Florida has allocated $8.7 billion in pensions to Bitcoin ETFs, benefiting millions of people.
Ohio has tax and corporate incentives allowing companies to pay taxes in Bitcoin, with businesses currently holding 18,000 coins.
2. Characteristics of top-tier capital operations
* The Trump family: According to market analysis, they control 23% of the computational power in the U.S. (approximately 150,000 Bitcoin-related equities), using Bitcoin as an important political and economic bargaining chip.
* Wall Street giants: JPMorgan has not only launched JPM Coin but has also mandated that employees learn about crypto, demonstrating the absolute desire of traditional financial behemoths to control this field.
Three, Price driving factors: Historical patterns and halving effects
The logic supporting future price increases mainly stems from fundamental changes in supply and demand relationships:
* Historical cyclicality: Looking back at history, every time exchange balances fall below 3 million coins, the average increase of Bitcoin within the following 1-1.5 years can typically reach 480% - 600%. The current balance of 2.76 million coins suggests we may be in the early or mid-stage of this super cycle.
* The explosion in the year following the halving: Bitcoin often performs strongly in the year following a halving event. Historical data shows that the price increase in December of the year after halving is significant (e.g., 48% increase in 2020, 31% increase in 2024).
* Seasonal market trends (Christmas effect): Statistical data shows that the probability of Bitcoin rising in December reaches as high as 83%, and in December of the year following the halving, the average increase even reaches 39%.
️ Four, Risk warnings and operational suggestions
Although the long-term trend is positive, the risk of short-term volatility should not be overlooked.

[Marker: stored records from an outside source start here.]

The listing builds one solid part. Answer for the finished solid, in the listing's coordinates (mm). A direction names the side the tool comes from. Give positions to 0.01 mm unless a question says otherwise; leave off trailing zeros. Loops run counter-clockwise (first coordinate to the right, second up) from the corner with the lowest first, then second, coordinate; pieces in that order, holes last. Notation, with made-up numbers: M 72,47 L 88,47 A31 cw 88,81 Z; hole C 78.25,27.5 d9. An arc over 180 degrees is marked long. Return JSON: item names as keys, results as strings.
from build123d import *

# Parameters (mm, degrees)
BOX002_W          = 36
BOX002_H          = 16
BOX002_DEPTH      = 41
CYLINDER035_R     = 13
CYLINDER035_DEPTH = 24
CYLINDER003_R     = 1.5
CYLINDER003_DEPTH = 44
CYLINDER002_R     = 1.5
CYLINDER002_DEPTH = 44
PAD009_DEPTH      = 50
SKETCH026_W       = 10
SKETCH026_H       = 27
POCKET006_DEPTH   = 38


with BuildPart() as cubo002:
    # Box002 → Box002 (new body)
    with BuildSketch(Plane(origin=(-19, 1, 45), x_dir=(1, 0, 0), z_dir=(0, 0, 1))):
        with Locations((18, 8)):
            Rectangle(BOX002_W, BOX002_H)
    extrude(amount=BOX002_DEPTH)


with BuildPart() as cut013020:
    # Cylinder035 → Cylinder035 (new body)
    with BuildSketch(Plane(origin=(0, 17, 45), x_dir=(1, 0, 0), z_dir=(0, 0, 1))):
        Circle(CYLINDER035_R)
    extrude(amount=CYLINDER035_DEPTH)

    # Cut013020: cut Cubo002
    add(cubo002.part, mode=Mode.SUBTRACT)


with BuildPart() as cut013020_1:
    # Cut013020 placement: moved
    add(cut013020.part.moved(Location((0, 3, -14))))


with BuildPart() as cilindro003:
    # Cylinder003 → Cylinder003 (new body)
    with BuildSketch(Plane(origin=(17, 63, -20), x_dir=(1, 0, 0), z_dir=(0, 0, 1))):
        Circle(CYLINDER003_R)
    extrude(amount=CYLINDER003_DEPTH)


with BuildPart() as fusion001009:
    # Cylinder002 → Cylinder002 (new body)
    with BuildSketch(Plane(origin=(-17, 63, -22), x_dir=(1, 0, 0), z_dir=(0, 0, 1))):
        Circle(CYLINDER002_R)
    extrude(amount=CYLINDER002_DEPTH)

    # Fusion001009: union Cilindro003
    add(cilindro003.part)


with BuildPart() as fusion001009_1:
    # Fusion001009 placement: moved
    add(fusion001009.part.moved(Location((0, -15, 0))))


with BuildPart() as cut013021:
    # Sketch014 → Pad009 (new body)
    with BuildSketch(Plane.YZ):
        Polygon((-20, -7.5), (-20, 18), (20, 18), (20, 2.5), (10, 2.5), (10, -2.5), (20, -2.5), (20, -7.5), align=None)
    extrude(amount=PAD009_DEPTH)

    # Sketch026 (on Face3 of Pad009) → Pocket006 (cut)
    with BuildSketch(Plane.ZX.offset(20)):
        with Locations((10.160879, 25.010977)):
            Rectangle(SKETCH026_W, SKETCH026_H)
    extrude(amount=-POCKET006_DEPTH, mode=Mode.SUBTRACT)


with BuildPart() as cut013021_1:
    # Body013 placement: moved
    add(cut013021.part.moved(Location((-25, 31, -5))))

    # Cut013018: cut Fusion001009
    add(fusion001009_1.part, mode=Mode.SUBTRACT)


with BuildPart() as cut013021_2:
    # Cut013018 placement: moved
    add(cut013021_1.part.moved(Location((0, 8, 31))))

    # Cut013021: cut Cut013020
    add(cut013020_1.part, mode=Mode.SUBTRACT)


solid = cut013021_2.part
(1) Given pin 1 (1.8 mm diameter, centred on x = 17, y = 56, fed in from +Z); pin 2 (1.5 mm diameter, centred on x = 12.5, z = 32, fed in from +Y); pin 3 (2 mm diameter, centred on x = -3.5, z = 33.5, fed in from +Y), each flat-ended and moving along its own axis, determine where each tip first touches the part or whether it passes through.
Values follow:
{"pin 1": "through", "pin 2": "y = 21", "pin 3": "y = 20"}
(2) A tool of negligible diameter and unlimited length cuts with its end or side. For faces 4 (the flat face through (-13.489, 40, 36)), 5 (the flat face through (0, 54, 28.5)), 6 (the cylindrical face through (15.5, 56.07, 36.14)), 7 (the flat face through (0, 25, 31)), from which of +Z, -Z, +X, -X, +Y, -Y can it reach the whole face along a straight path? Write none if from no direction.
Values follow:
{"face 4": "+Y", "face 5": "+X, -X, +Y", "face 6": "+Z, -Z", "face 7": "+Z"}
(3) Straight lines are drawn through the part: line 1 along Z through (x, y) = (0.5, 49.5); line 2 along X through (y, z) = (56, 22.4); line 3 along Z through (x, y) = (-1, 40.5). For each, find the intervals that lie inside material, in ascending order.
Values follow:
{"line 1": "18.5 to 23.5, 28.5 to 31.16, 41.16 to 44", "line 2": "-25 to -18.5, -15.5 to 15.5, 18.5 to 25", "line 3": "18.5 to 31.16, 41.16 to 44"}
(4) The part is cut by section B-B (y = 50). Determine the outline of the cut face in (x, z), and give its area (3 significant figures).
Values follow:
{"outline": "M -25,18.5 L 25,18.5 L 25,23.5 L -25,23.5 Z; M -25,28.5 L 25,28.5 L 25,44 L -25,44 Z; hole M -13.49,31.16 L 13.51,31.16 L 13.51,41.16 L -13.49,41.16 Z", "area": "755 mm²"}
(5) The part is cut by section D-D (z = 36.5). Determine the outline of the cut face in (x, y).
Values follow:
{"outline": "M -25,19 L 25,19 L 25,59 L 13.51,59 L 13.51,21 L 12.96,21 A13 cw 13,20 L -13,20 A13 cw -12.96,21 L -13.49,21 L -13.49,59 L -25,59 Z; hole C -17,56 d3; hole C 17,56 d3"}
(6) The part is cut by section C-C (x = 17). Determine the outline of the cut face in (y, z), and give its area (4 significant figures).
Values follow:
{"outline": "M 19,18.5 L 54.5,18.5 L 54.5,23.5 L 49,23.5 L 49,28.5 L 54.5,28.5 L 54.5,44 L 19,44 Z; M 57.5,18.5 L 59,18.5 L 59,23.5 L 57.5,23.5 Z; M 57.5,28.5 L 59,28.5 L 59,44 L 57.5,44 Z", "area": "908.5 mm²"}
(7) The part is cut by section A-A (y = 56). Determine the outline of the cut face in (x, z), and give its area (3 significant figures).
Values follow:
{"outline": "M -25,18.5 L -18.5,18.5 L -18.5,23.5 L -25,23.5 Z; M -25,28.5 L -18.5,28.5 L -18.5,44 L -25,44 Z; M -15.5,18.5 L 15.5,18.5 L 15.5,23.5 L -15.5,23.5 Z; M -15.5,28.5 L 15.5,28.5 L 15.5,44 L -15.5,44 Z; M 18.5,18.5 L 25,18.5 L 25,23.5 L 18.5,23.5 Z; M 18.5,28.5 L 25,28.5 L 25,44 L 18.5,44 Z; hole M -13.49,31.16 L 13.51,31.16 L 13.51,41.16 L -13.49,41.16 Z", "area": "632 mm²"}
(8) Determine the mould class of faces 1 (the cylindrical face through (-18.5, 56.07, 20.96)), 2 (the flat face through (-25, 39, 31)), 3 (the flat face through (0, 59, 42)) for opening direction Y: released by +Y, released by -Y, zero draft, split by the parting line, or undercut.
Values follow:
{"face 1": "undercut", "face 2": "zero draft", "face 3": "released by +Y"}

* Short-term correction risks: Currently, prices hover around $90,000, just a step away from the psychological barrier of $100,000. If market sentiment becomes too heated, it could trigger a leveraged sell-off similar to 2021, leading to a sharp decline.
* Geopolitical and computational power competition: The U.S. currently controls 42% of global computational power, with Bitcoin becoming a 'digital sovereignty tool' in geopolitics, which brings uncertainty in policy games.
* Policy arbitrage risks: Federal subsidies have reduced the holding costs for state governments by 42%, a competitive edge that ordinary investors find hard to reach.
Operational suggestions:
1. Pay attention to ETF inflow signals: Closely monitor the net inflow of Bitcoin ETFs on a single day, as a signal of crossing $500 million typically indicates the start of a new round of upward momentum.
2. Defensive layout: Caution should be maintained when positioning before the holiday, with strict stop-loss levels suggested to avoid being 'washed out' due to reverse volatility caused by short-term liquidity exhaustion.
The current Bitcoin market exhibits typical characteristics of 'institutionalization + sovereignization'. Under the dual effects of supply-demand imbalance (reduced circulation) and policy intervention (state reserves), Bitcoin's 'digital gold' property is being reinforced.
Although short-term volatility is the norm in the crypto market, as more and more long-term holdings are locked in, every dip may become a 'buying opportunity' for scarce assets.